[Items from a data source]

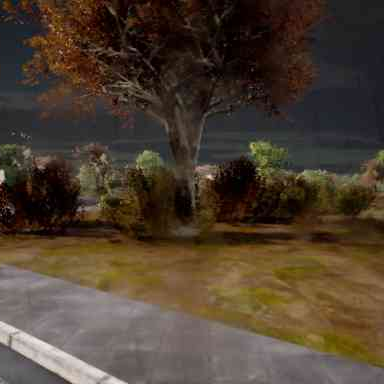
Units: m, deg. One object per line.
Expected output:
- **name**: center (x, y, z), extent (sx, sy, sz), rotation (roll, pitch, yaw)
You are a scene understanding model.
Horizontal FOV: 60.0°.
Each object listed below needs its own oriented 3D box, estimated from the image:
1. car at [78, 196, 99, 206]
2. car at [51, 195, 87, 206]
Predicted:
- **car**: center (-16.017, 1.352, 49.671), extent (2.033, 1.411, 5.357), rotation (0, 0, 34)
- **car**: center (-18.986, 1.262, 51.512), extent (1.882, 1.535, 5.008), rotation (0, 0, 34)
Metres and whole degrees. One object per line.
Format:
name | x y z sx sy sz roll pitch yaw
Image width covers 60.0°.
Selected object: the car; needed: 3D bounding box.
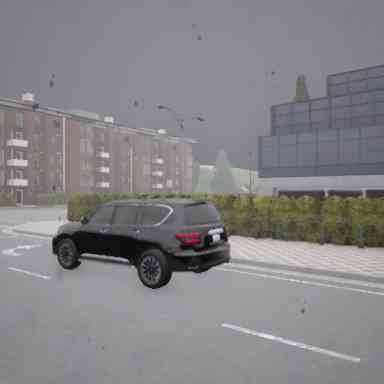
car | -1.603 1.215 9.420 5.566 2.045 2.150 -1 -1 35
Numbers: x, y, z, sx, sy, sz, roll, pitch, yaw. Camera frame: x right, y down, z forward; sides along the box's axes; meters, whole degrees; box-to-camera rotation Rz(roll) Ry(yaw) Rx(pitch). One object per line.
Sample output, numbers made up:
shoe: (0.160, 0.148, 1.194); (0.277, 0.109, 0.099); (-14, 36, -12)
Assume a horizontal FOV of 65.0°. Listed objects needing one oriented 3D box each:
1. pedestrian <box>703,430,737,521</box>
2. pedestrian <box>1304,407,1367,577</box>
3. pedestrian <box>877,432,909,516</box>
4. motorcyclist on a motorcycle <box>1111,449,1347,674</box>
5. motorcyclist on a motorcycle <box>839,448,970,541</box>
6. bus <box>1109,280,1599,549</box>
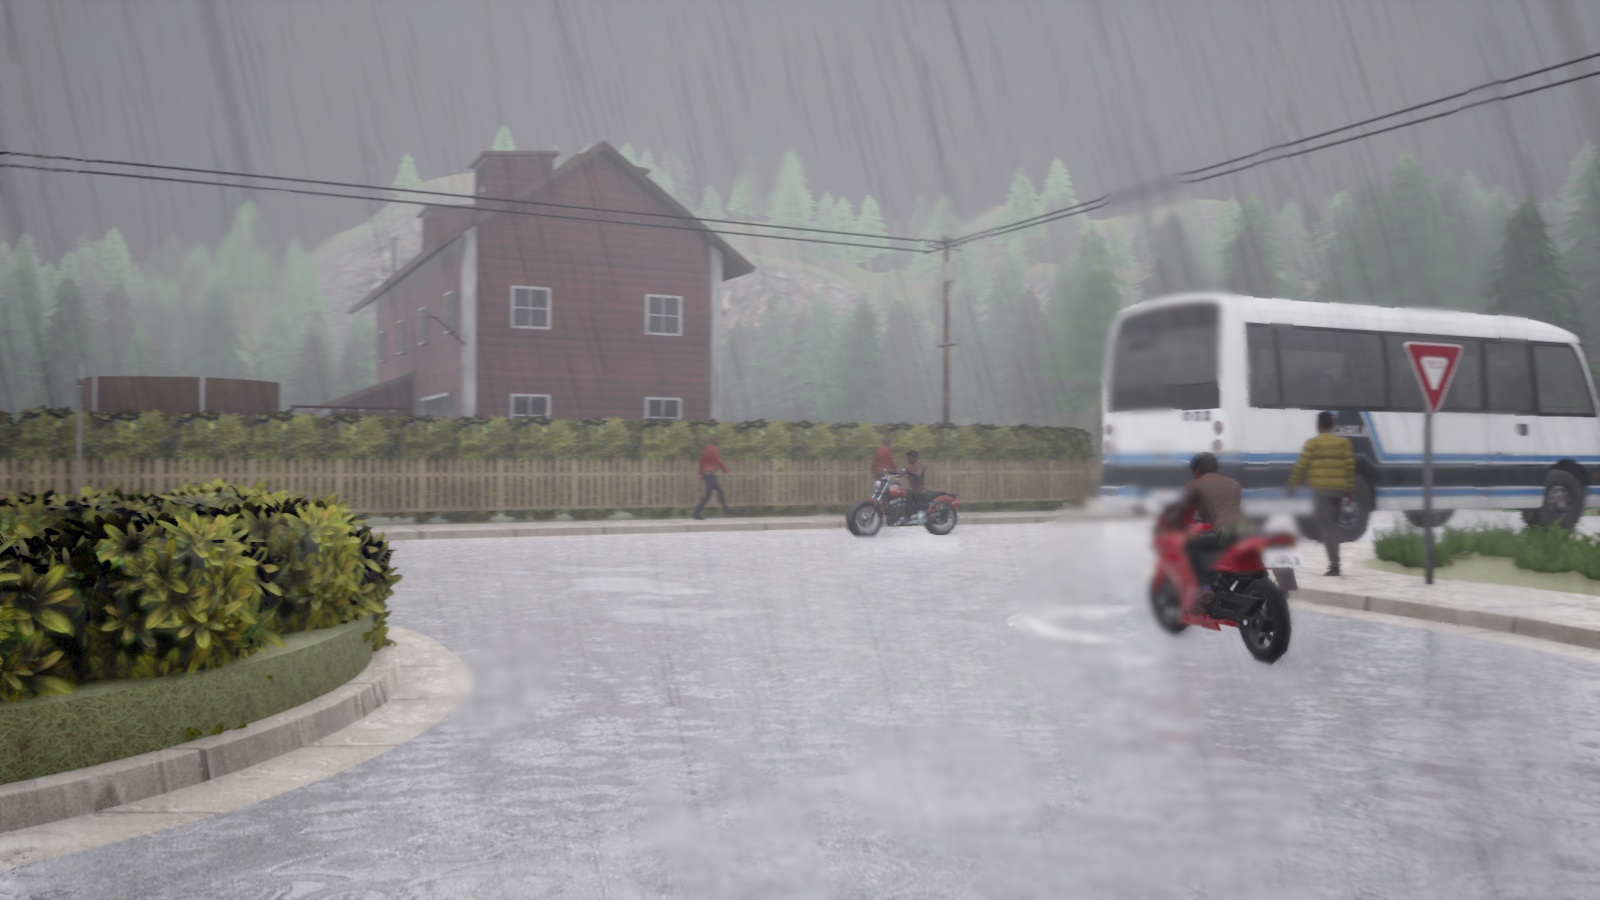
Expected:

• [What to work on] Copy out the data verbatim, excluding the pictures.

• [Solution for this task]
Units: m, deg. One object per line.
Expected output:
- **name**: center (x, y, z), extent (sx, sy, sz), rotation (roll, pitch, yaw)
You are a scene understanding model.
Horizontal FOV: 60.0°.
Each object listed below needs its own oriented 3D box, estimated from the image:
1. car at [78, 196, 99, 206]
2. car at [51, 195, 87, 206]
Predicted:
- **car**: center (-16.017, 1.352, 49.671), extent (2.033, 1.411, 5.357), rotation (0, 0, 34)
- **car**: center (-18.986, 1.262, 51.512), extent (1.882, 1.535, 5.008), rotation (0, 0, 34)
Metres and whole degrees. One object per line.
Format:
name | x y z sx sy sz roll pitch yaw
Image width covers 60.0°.
Selected object: the car; needed: 3D bounding box.
car | -1.603 1.215 9.420 5.566 2.045 2.150 -1 -1 35
Numbers: x, y, z, sx, sy, sz, roll, pitch, yaw. Camera frame: x right, y down, z forward; sides along the box's axes; meters, whole degrees; box-to-camera rotation Rz(roll) Ry(yaw) Rx(pitch). One object per line.
Sample output, numbers made up:
shoe: (0.160, 0.148, 1.194); (0.277, 0.109, 0.099); (-14, 36, -12)
Assume a horizontal FOV of 65.0°. Listed objects needing one oriented 3D box each:
1. pedestrian <box>703,430,737,521</box>
2. pedestrian <box>1304,407,1367,577</box>
3. pedestrian <box>877,432,909,516</box>
4. motorcyclist on a motorcycle <box>1111,449,1347,674</box>
5. motorcyclist on a motorcycle <box>839,448,970,541</box>
6. bus <box>1109,280,1599,549</box>
Expected:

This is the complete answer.